Q38. How do generics interact with assembly code?¶
Short: Generic functions cannot be implemented in assembly directly — but they can call assembly helpers.
Long: The Go assembler does not understand stencils. The workaround is to write a non-generic assembly function and have the generic code call it. This is the pattern used in crypto/internal and similar packages.
Q39. Can you reduce dictionary cost by ordering type parameters?¶
Short: No — the order does not affect runtime cost, only readability.
Long: The dictionary is keyed by the combination of types, not the order of parameters. Reordering for readability is fine; for performance it is irrelevant.
Q40. How would you write a CI check that fails when a generic function regresses?¶
Short: Run go test -bench with -count, capture into a file, compare with benchstat, fail if delta exceeds threshold.

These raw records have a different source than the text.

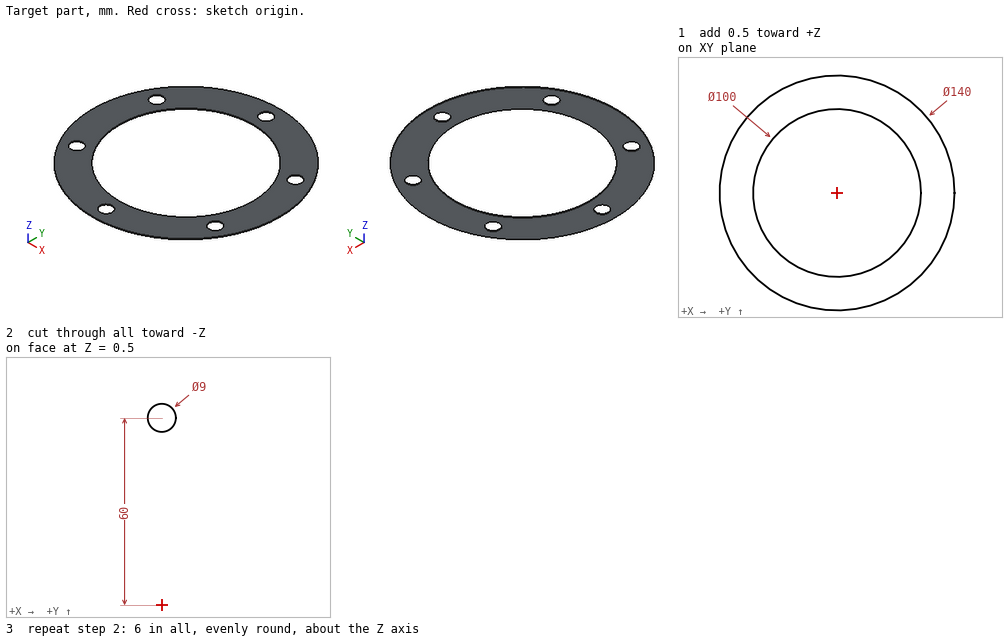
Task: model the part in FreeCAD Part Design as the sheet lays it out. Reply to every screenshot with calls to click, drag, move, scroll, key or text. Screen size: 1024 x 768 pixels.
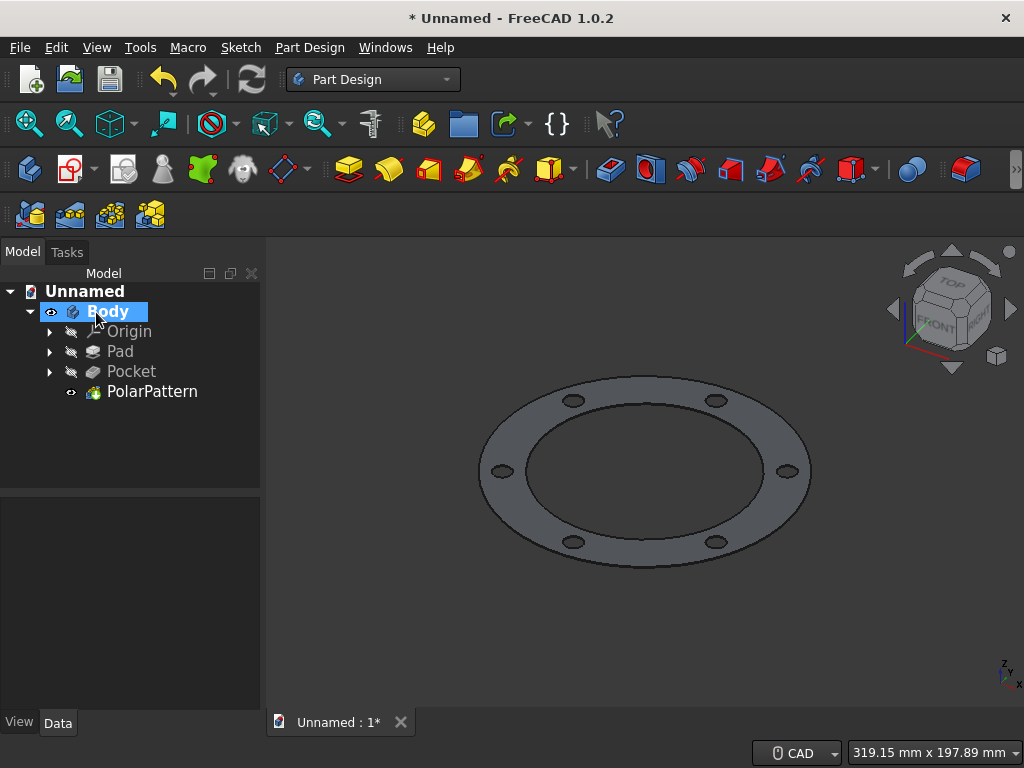
key(0)
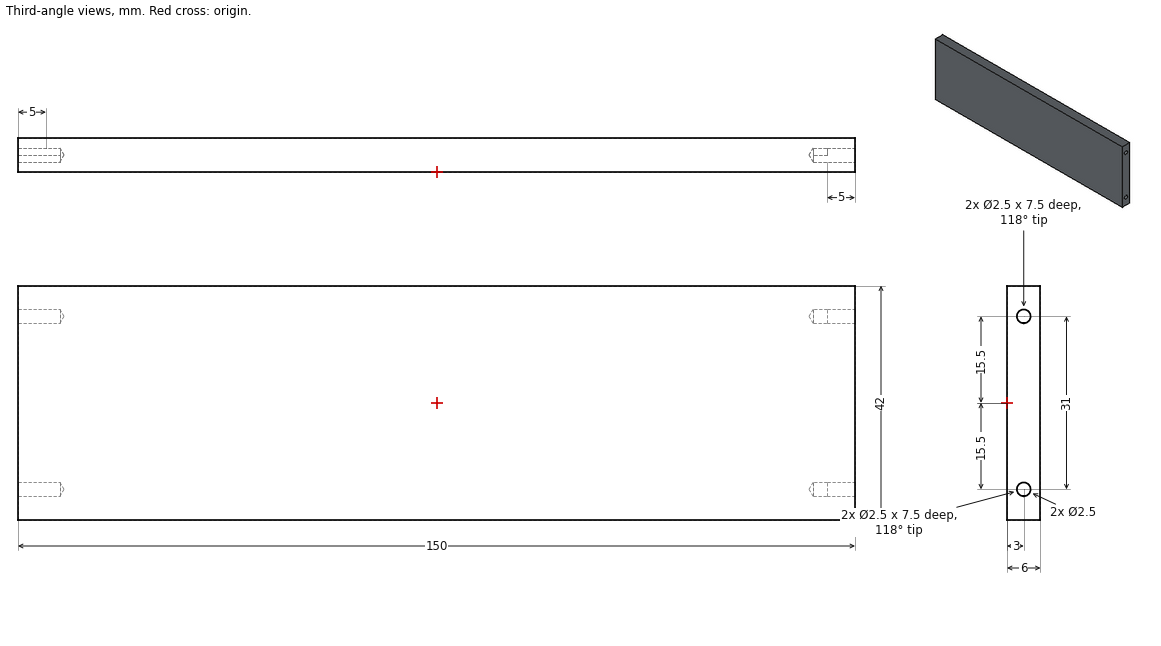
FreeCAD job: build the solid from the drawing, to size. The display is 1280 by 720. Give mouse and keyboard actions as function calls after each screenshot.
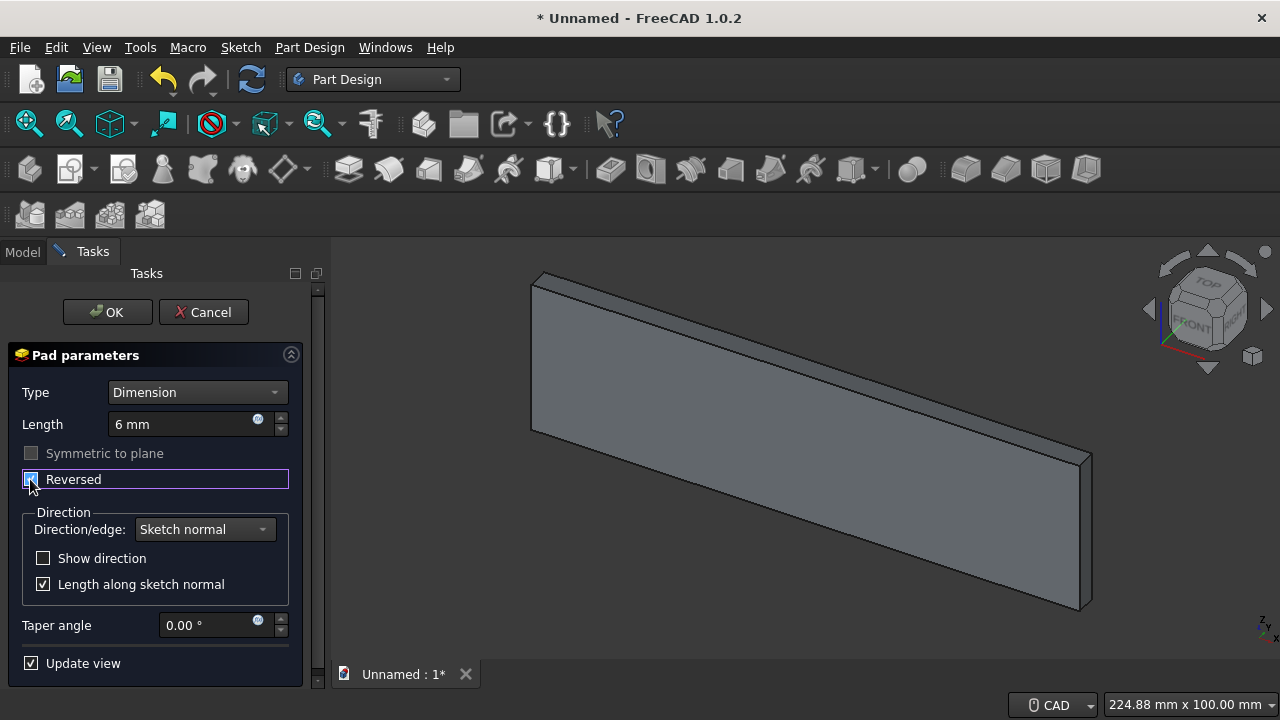
click(108, 312)
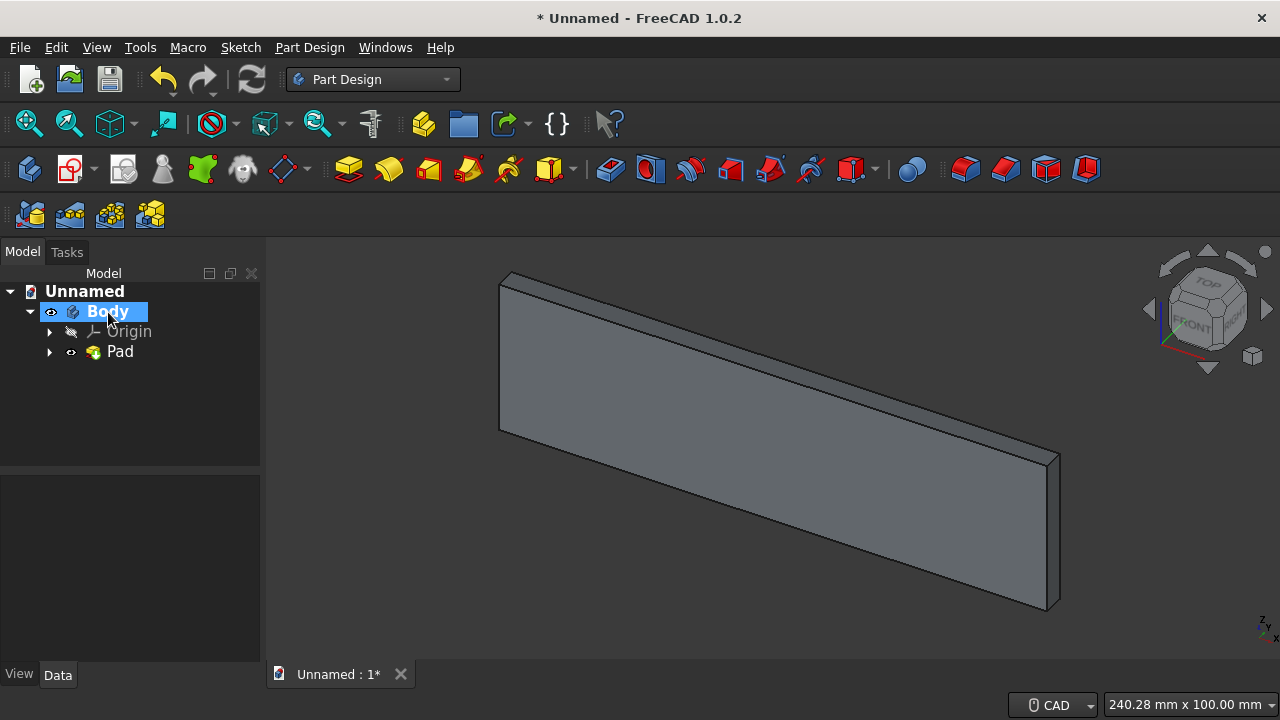
key(0)
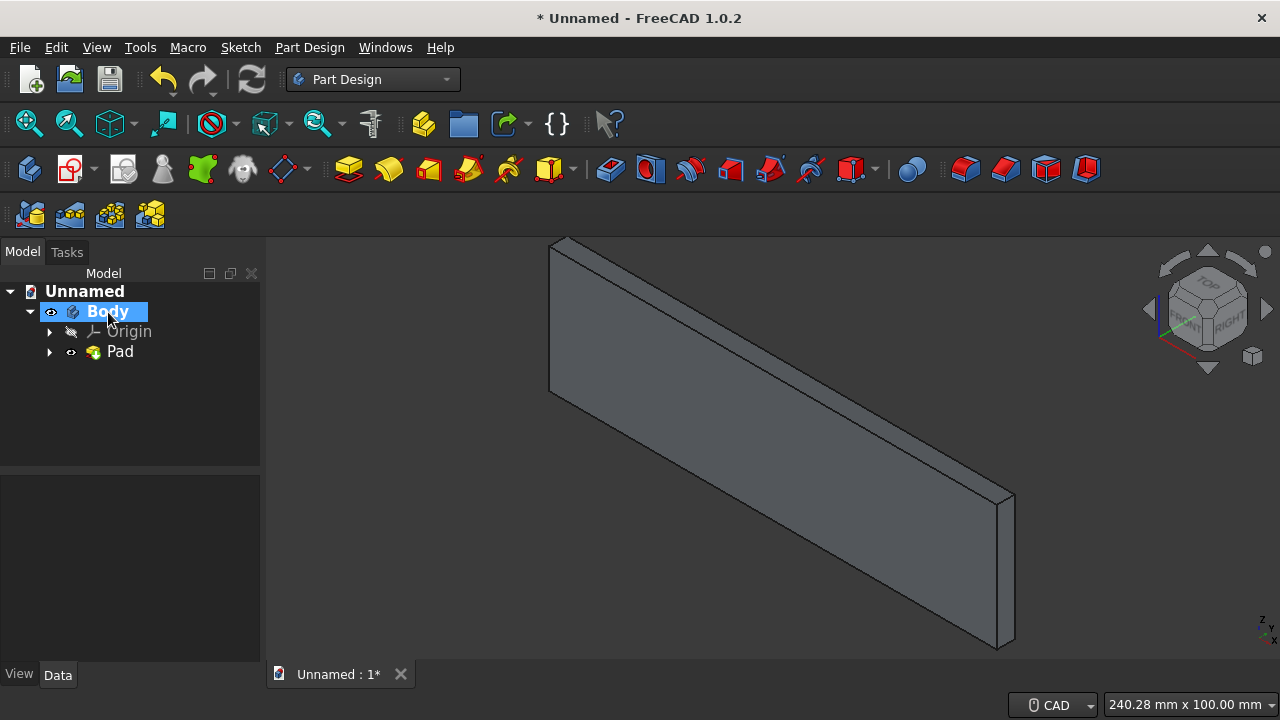
click(30, 124)
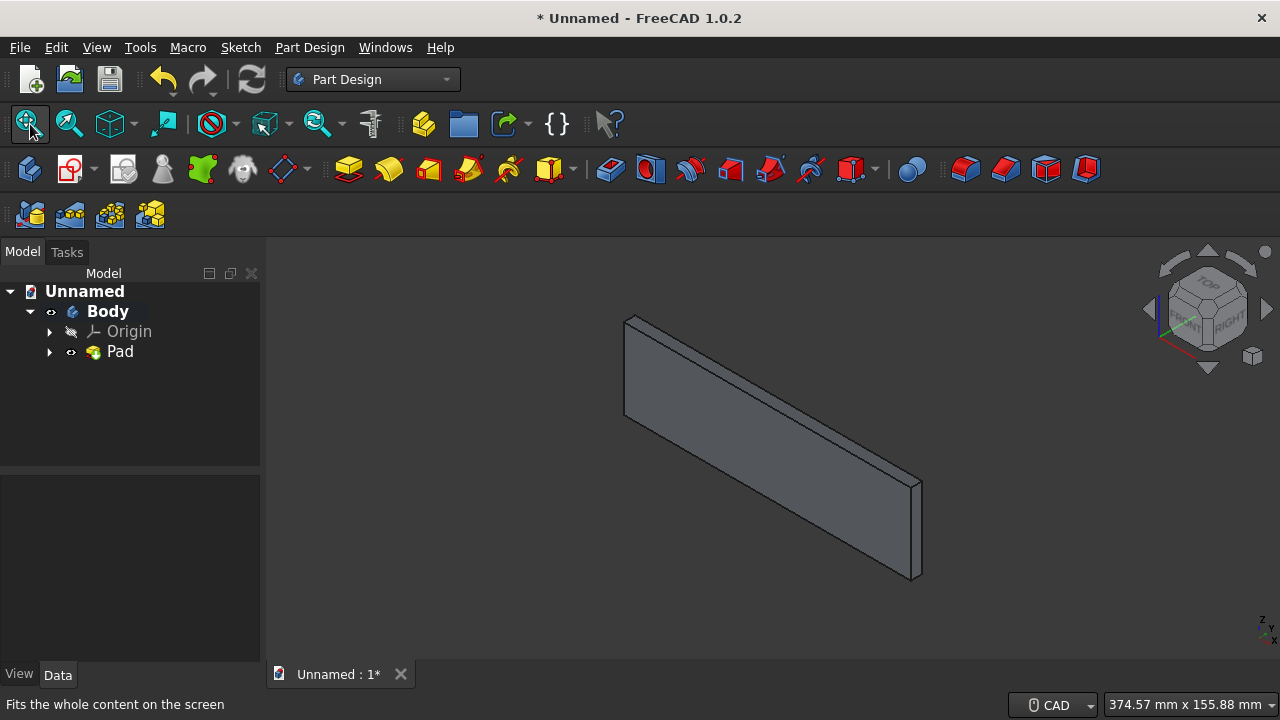
key(3)
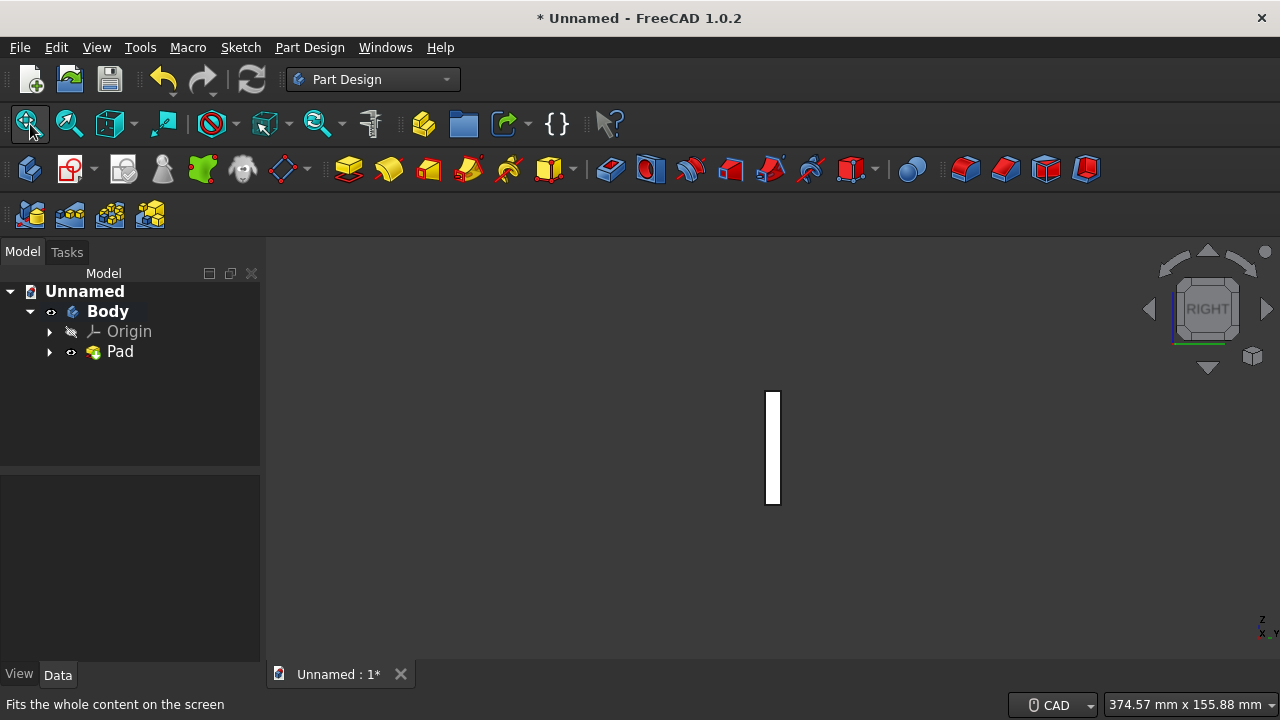
click(30, 124)
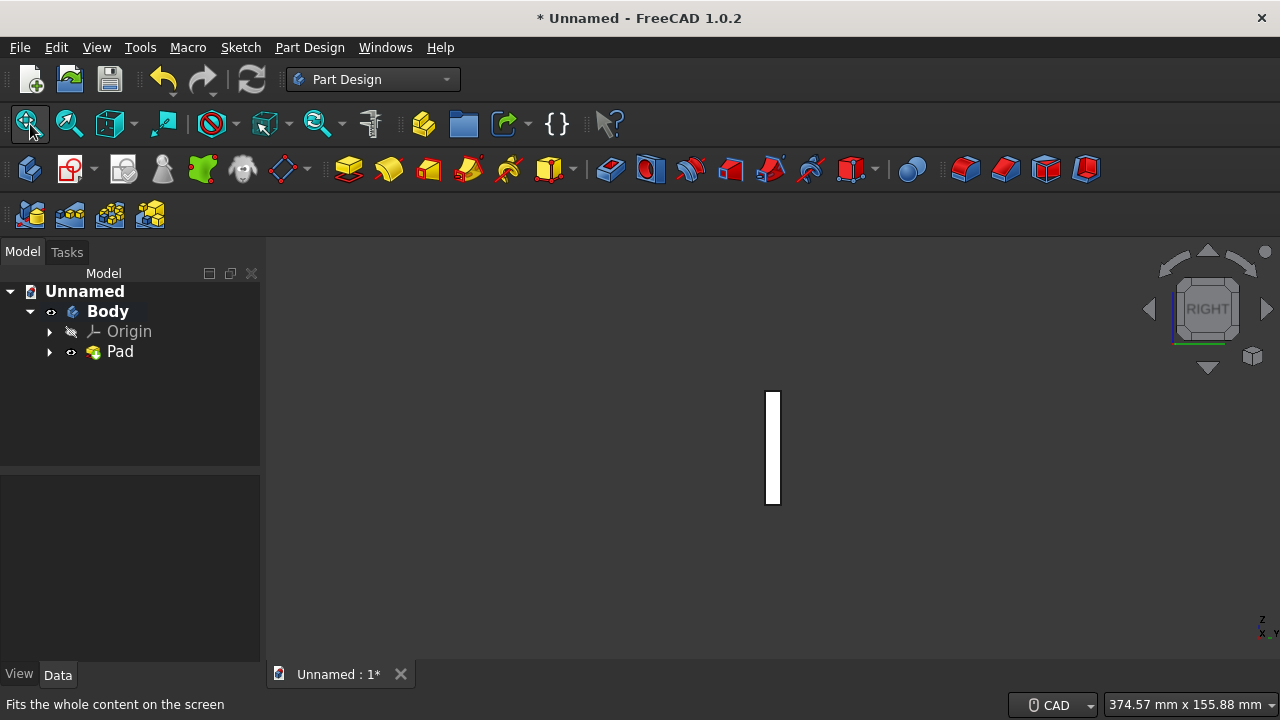
click(773, 415)
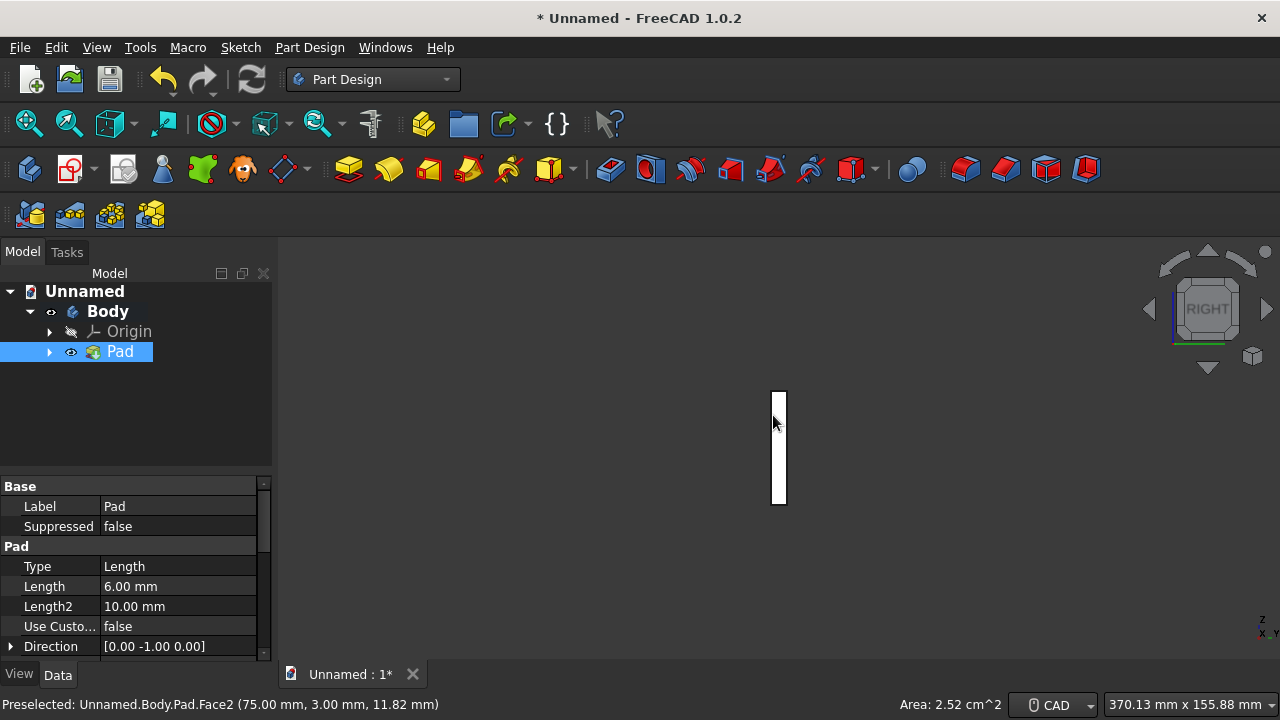
click(70, 170)
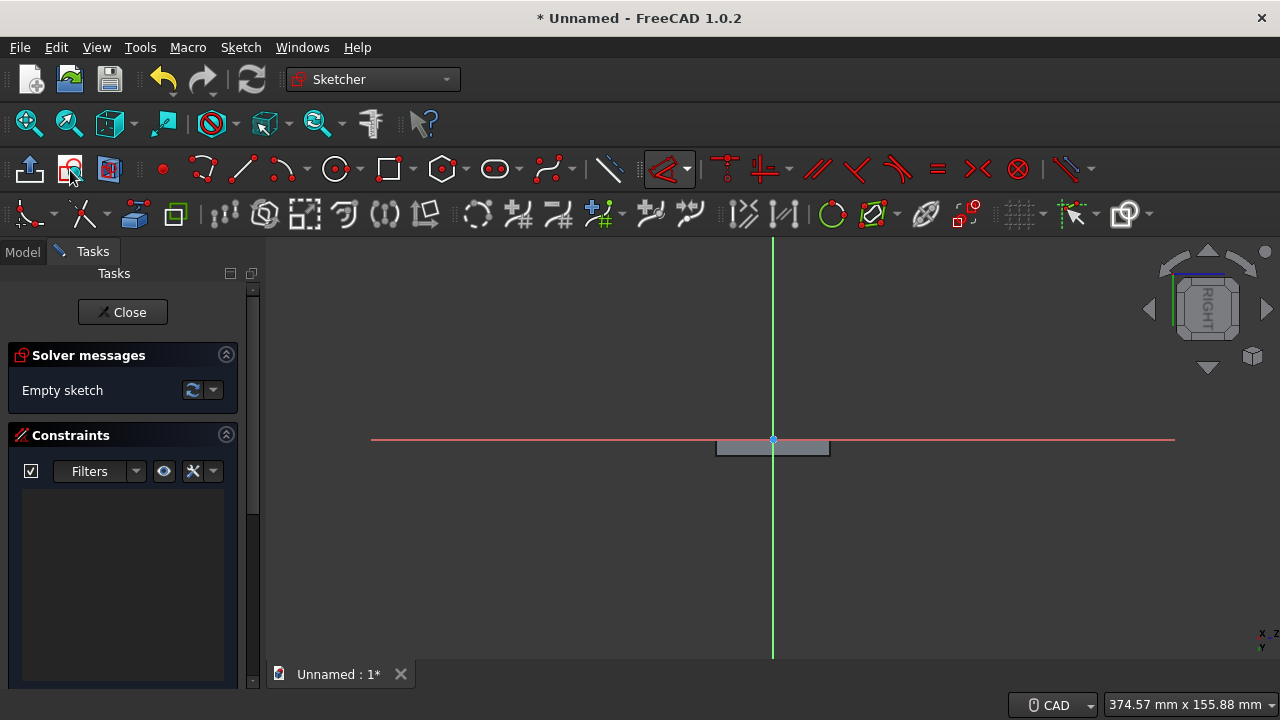
scroll(787, 445, up, 9)

Long: Use a baseline file checked into the repository (or computed from main). Run benchstat between baseline and PR. Fail if any benchmark crosses a configurable threshold (e.g., +5%). Many teams pair this with a pprof regression check on a canary deploy.
Summary¶
Memorize the short answers for fluency. Practice the long answers for depth. The most common interview themes are:
- GC shape stenciling vs monomorphization vs erasure
- Dictionary cost on pointer-shape generics
slices.Sortoutperformingsort.Slice- When generics are slower than
interface{}(rare cases) - Tooling:
pprof,-gcflags=-m, PGO - Migration strategies and CI gating
A confident candidate explains the trade-offs, not just the syntax. They cite the design documents, name the tooling, and reach for benchmarks before opinions.